Londres, 1752.
In-12 de (1) f. de titre et 257 pp. Relié en plein veau havane, dos à nerfs orné de fleurons dorés, pièce de titre de maroquin havane, tranches rouges. Reliure de l’époque.
156 x 91 mm.
Rare seconde édition de « Micromégas », publiée quelques semaines seulement après l’édition originale devenue introuvable. Bengesco 1429 ; Catalogue général des livres imprimés de la B.n.F., Voltaire, n°2908.
Dans ce roman philosophique, Voltaire imagine que Micromégas, un habitant de la planète Sirius, aux proportions gigantesques, a été condamné à ne pas se présenter à la Cour pendant de longues années à la suite de la publication d’un de ses livres – l’allusion au théatin Boyer, qui avait attaqué Voltaire à l’occasion de ses Lettres philosophiques, est évidente. Il entreprend un voyage sur la planète Saturne et y fait connaissance avec l’un de ses habitants, un nain en comparaison de ceux de Sirius, dans lequel on reconnaît une représentation caricaturale de Fontenelle, l’auteur des célèbres Entretiens sur la pluralité des mondes, qui s’était allié aux ennemis de Voltaire.
En s’entretenant des sujets les plus divers, les deux voyageurs arrivent sur notre globe sans même s’apercevoir de l’existence de ses habitants dont les proportions sont si réduites qu’elles échappent à leurs sens. En se faisant d’un diamant une sorte de microscope, Micromégas découvre d’abord une baleine, qu’il observe en la tenant sur l’ongle de son pouce, puis un vaisseau portant des hommes, que les voyageurs prennent d’abord pour des insectes, mais en qui ils finissent par reconnaître des êtres doués d’une âme, une fois qu’ils ont réussi à se faire comprendre d’eux et à comprendre leur langage. Nous assistons ensuite à un banquet de philosophes appartenant aux diverses écoles, et qui exposent successivement leurs théories sur la nature de l’âme et la formation des idées. Au moyen de ces exposés, l’auteur se livre à une critique satirique de l’aristotélisme, ainsi que des systèmes de Descartes, de Malebranche et de Leibniz. Seul un disciple de Locke, dont les idées avaient séduit l’esprit de Voltaire, trouve grâce aux yeux des étrangers. Mais une tempête soudaine interrompt le colloque : tout disparaît aux yeux des voyageurs jusqu’à ce que Micromégas retrouve dans une poche de sa culotte le vaisseau ainsi que l’équipage, auquel il adresse des paroles pleines de bonté tout en déplorant l’orgueil ridicule de ces êtres minuscules.

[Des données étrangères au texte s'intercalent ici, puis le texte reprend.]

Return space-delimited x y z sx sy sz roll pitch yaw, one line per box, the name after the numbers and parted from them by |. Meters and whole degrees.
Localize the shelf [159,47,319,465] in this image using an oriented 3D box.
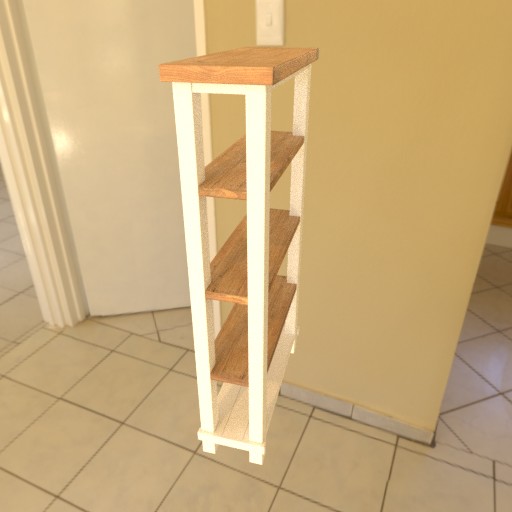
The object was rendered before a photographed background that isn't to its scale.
0.000 0.000 2.263 0.381 1.878 1.022 7 29 13 | shelf
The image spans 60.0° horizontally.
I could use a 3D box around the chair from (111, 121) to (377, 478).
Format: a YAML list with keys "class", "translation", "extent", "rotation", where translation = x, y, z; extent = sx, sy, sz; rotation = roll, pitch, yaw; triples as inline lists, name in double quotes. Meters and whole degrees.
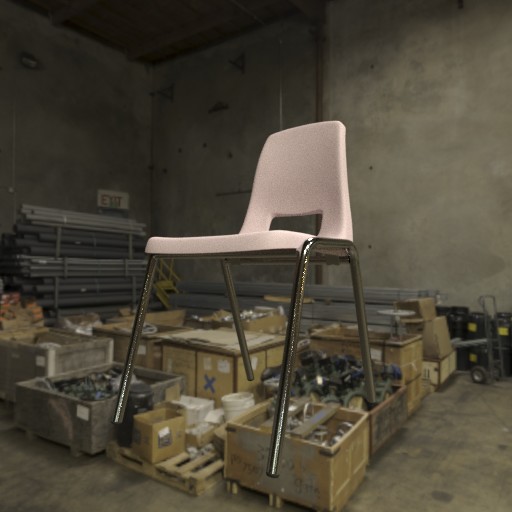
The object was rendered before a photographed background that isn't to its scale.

« Dans ‘Micromégas’, l’esprit mordant de Voltaire, inégalable dans l’art de dissocier tout un système au moyen d’une anecdote, cet esprit rusé et malicieux, qui sait se déguiser sous un masque d’ingénuité et d’innocence, s’exprime comme toujours dans un style d’une parfaite pureté. On voit s’affirmer ici, chez l’écrivain ami des Lumières et du progrès, la vision désolée d’une humanité ignorante et sotte, infiniment petite et démesurément orgueilleuse ». (Laffont-Bompiani).
La véritable édition originale de Micromégas est rarissime. Les quelques exemplaires de ce texte passés sur le marché public français depuis 20 ans et décrits comme « Edition originale » appartenaient généralement à cette seconde édition.
« Clément, dans ses ‘Cinq années littéraires (lettre du 15 mars 1752) et les auteurs des ‘Mémoires pour servir à l’histoire des sciences et des beaux-arts’ (Journal de Trévoux, avril 1752), parlent, dès les mois de mars et avril, de l’édition de ‘Micromégas’ en 92 pp. ; tandis que c’est en mai et juin 1752, qu’il est question, dans la correspondance de Voltaire, de l’édition de ‘Micromégas’ avec ‘l’Histoire des Croisades et le Plan de l’histoire de l’esprit humain’’’ (Bengesco).
Précieux exemplaire conservé dans sa pleine reliure de l’époque au dos finement orné.